Strategy and innovation in energy transportation
The star-spangled maritime giant is back
A strategic push is needed to counter China and safeguard energy flows
11 minThe United States is finally waking up to the geoeconomic vulnerability of ceding maritime dominance to China. For decades, the West has neglected the strategic importance of the global merchant fleet, including commodity tankers, allowing China to dominate maritime infrastructure, logistics, and routes. Today, China is the world’s largest shipbuilder and shipowner. It commands port access at key chokepoints, shapes maritime standards, and controls critical shipping logistics. This carefully built advantage gives Beijing significant leverage —not only over global supply chains but also over energy flows and wartime logistics. Now that the U.S. is the world’s largest exporter of seaborne commodities, Washington must act quickly to regain leverage, even if the process will be costly and long.
In times of war, trade disputes, demand/supply shocks, or supply chain disruptions, control over the commercial shipping fleet can become a weapon. The owner of the ship ultimately controls the trade. The West’s overreliance on Chinese-built and -owned ships could quickly become a liability. The weaponization of shipping —particularly for energy commodities like LNG— would reverberate across markets and pricing, with immediate consequences for national security and economic stability.
Recognizing this risk, the Trump administration has elevated shipping as a strategic priority. At least three executive orders reference maritime security and shipbuilding as core national interests. The vision is ambitious and cannot be executed overnight, but the strategic direction is clear. In partnership with capable foreign allies, U.S. policymakers are laying the groundwork for the long-term rebuilding of American sovereign capacity in shipbuilding and maritime logistics, while ensuring worldwide freedom of navigation.

Strategic pillar 1: rebuilding US shipbuilding with capable partners
The U.S. and China are now also competing over the physical infrastructure that underpins global commerce: ships. About 80% of global trade by volume is seaborne, yet the U.S. has just 80 internationally trading vessels under its flag, while China has over 5,500. The imbalance is even more pronounced in segments like LNG, where only one U.S.-flagged, U.S.-crewed, and U.S.-owned LNG carrier exists today: the American Energy, reflagged in 2024 to carry U.S. LNG to Puerto Rico.
Beijing has methodically captured market share in shipbuilding, recently surpassing South Korea and Japan. Chinese shipyards are now building the bulk of global vessels. South Korea still dominates the shipbuilding of LNG tankers (~70% share for new orders) though China would like to catch-up.

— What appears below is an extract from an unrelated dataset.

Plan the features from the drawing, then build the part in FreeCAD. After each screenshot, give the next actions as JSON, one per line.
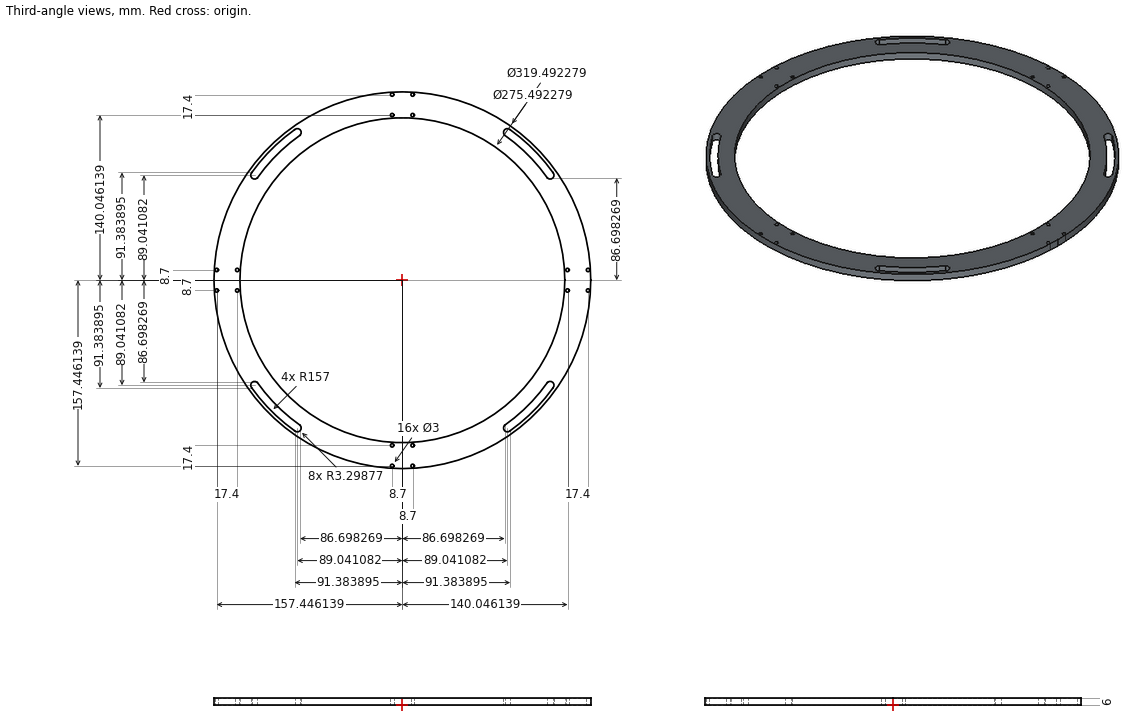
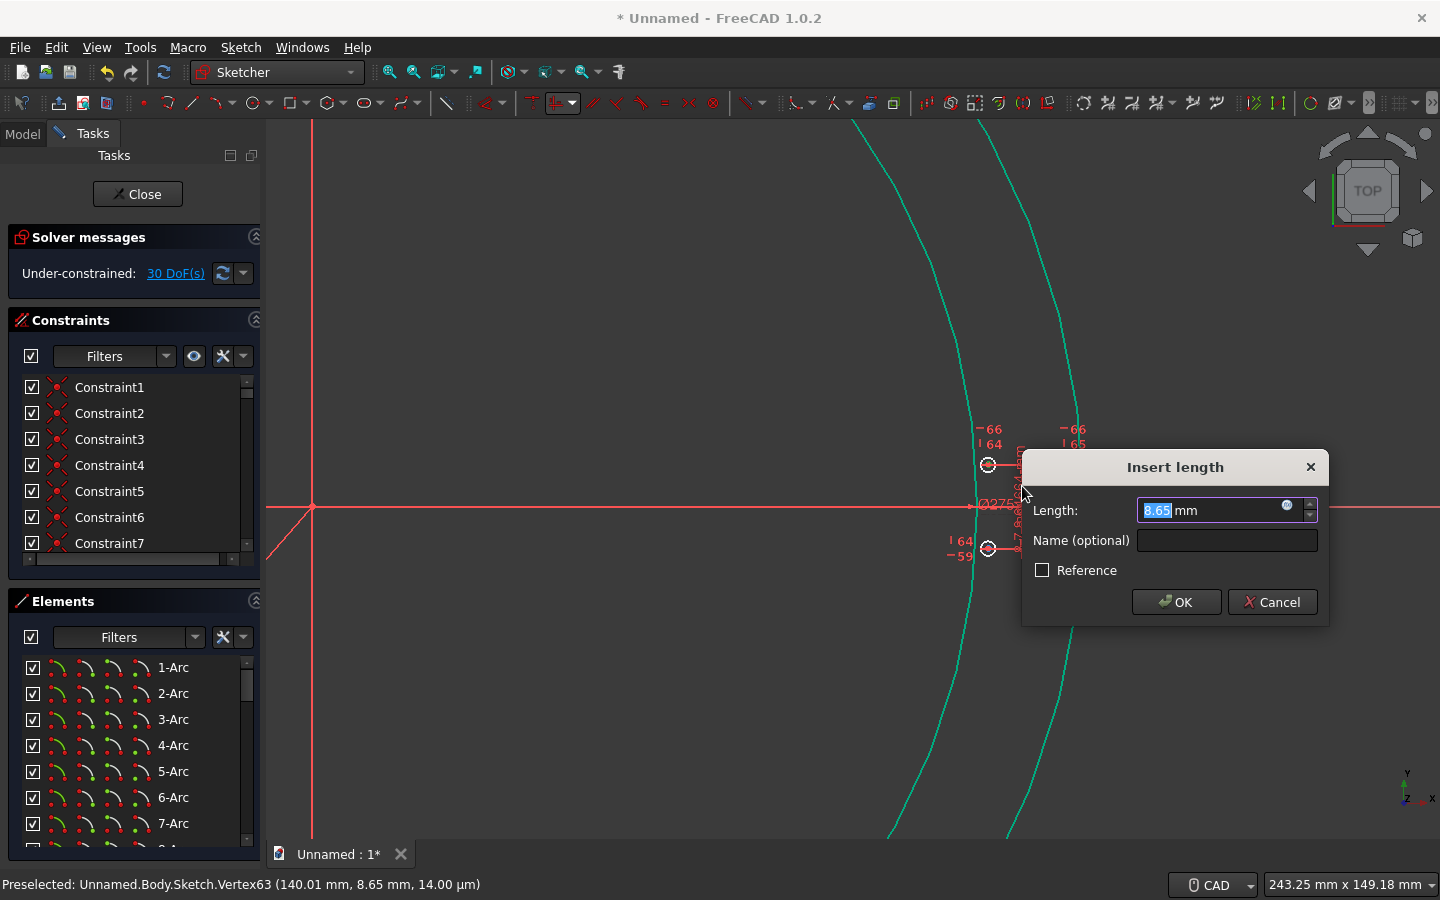
{"action": "type", "text": "8.7"}
{"action": "key", "text": "Return"}

LNG exports —now a central pillar of US energy and trade policy— depend on ships that are mostly foreign-owned, foreign-flagged, and foreign-crewed. In a geopolitical crisis, these ships may be recalled, rerouted, or denied access altogether.
It has not gone unnoticed by allies like South Korea that the U.S. is now investing political capital into maritime reindustrialization. In his 2025 State of the Union address, President Trump was unequivocal: “To boost our defense industrial base, we are also going to resurrect the American shipbuilding industry, including commercial shipbuilding and military shipbuilding.”

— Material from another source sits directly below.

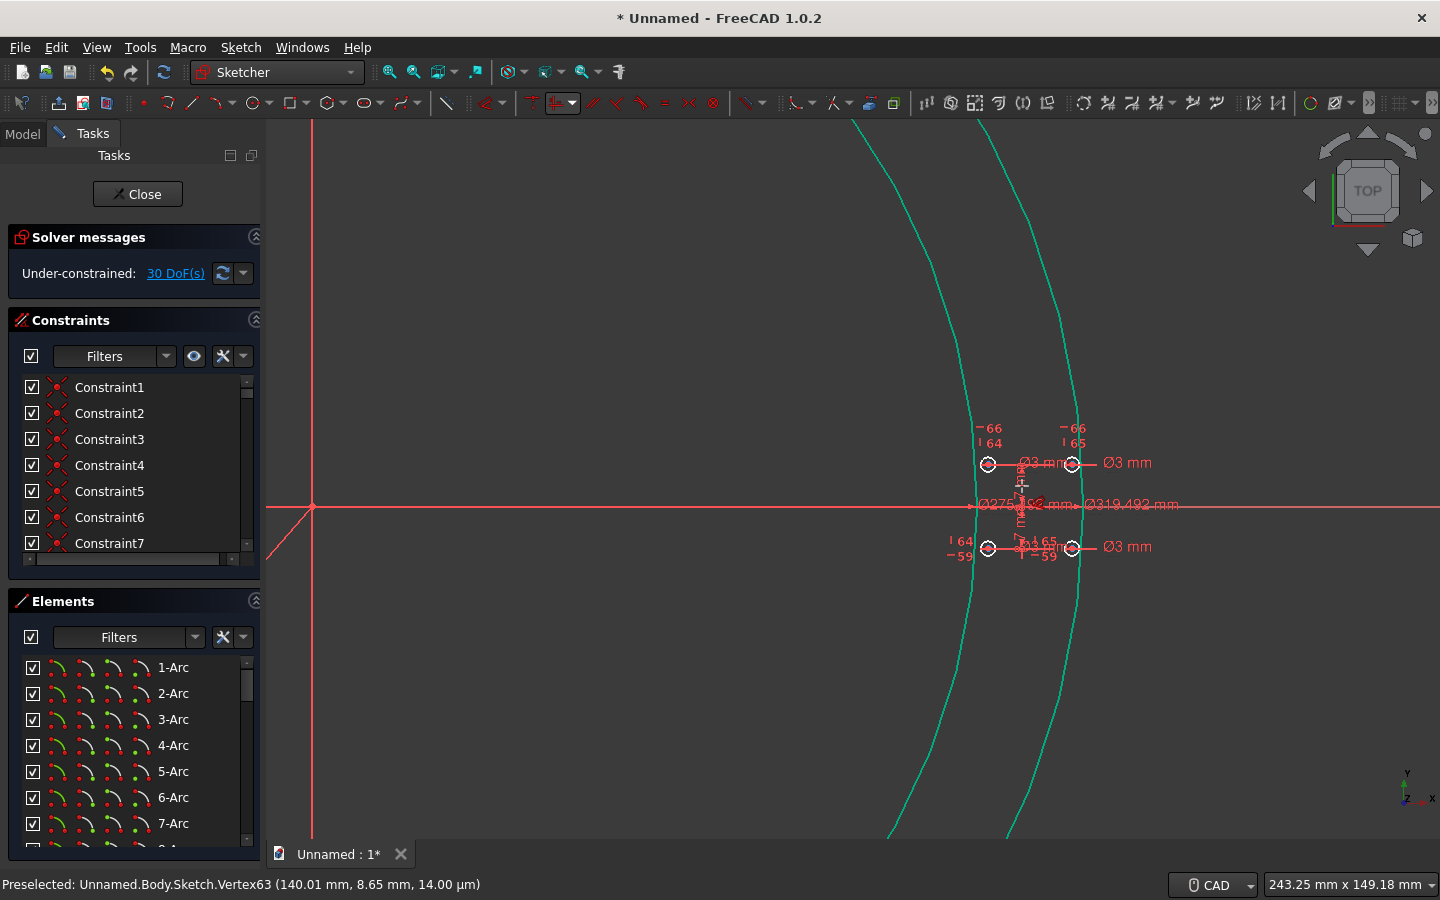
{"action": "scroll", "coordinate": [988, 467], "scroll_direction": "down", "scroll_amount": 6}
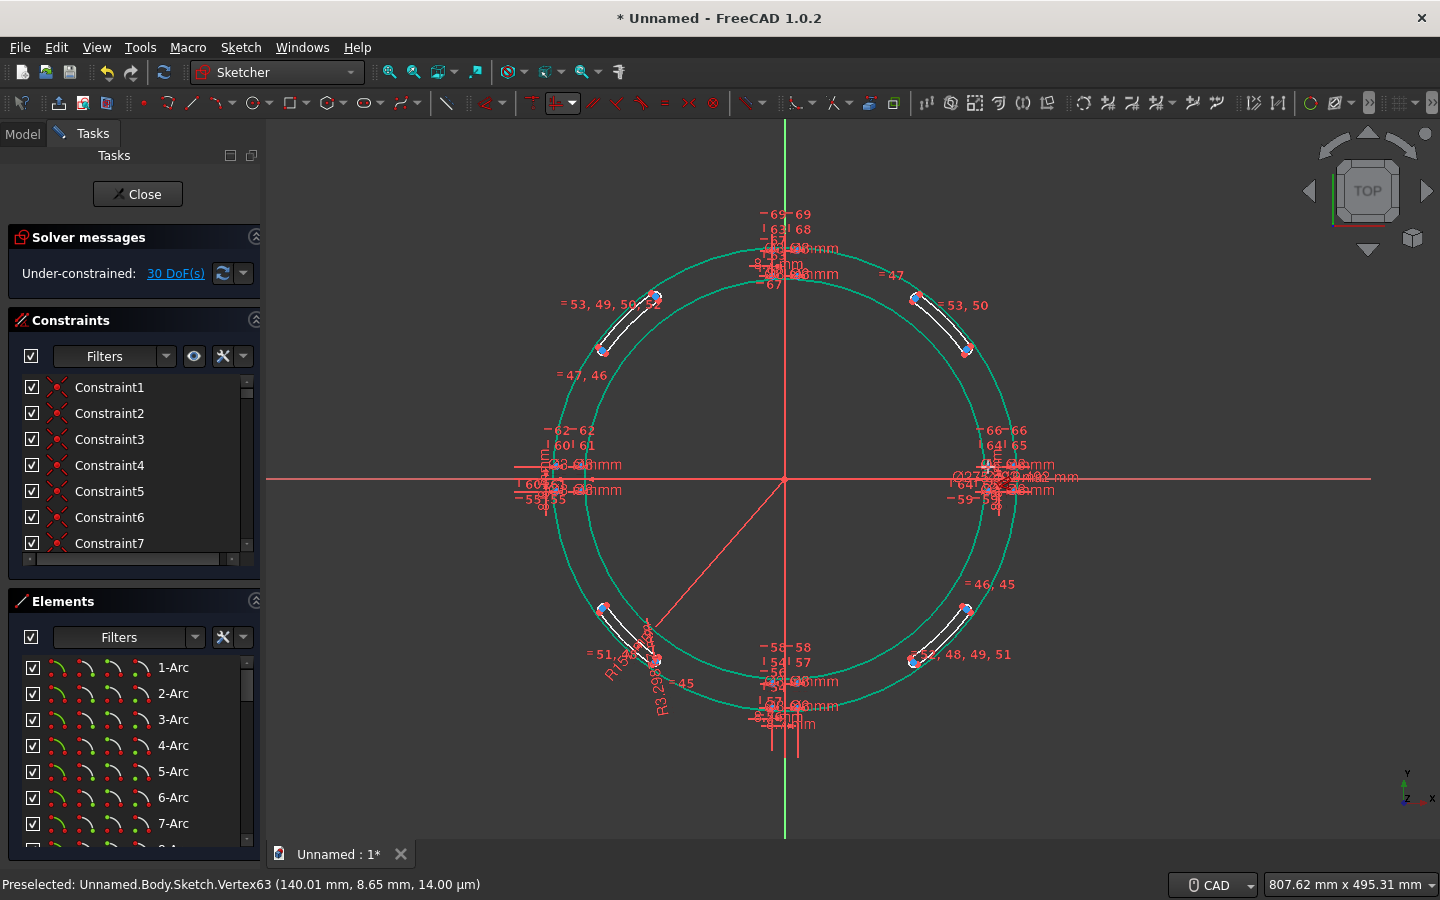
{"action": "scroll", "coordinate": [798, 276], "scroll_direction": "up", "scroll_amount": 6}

The legislative embodiment of that vision is the bipartisan SHIPS for America Act, which proposes a Shipbuilding Financial Incentives Program to revitalize the U.S. shipbuilding sector. It would offer grants, tax credits, and other tools to support the construction, repowering, or reconstruction of eligible oceangoing vessels in domestic shipyards.
The Office of the United States Trade Representative (USTR) is also exploring a policy requiring at least 1 percent of U.S. LNG exports to be transported on U.S.-flagged and U.S.-operated vessels. Although USTR removed the original 2029 deadline —deemed unrealistic by stakeholders— the move sends a commercial signal for investment in U.S. LNG shipping capacity.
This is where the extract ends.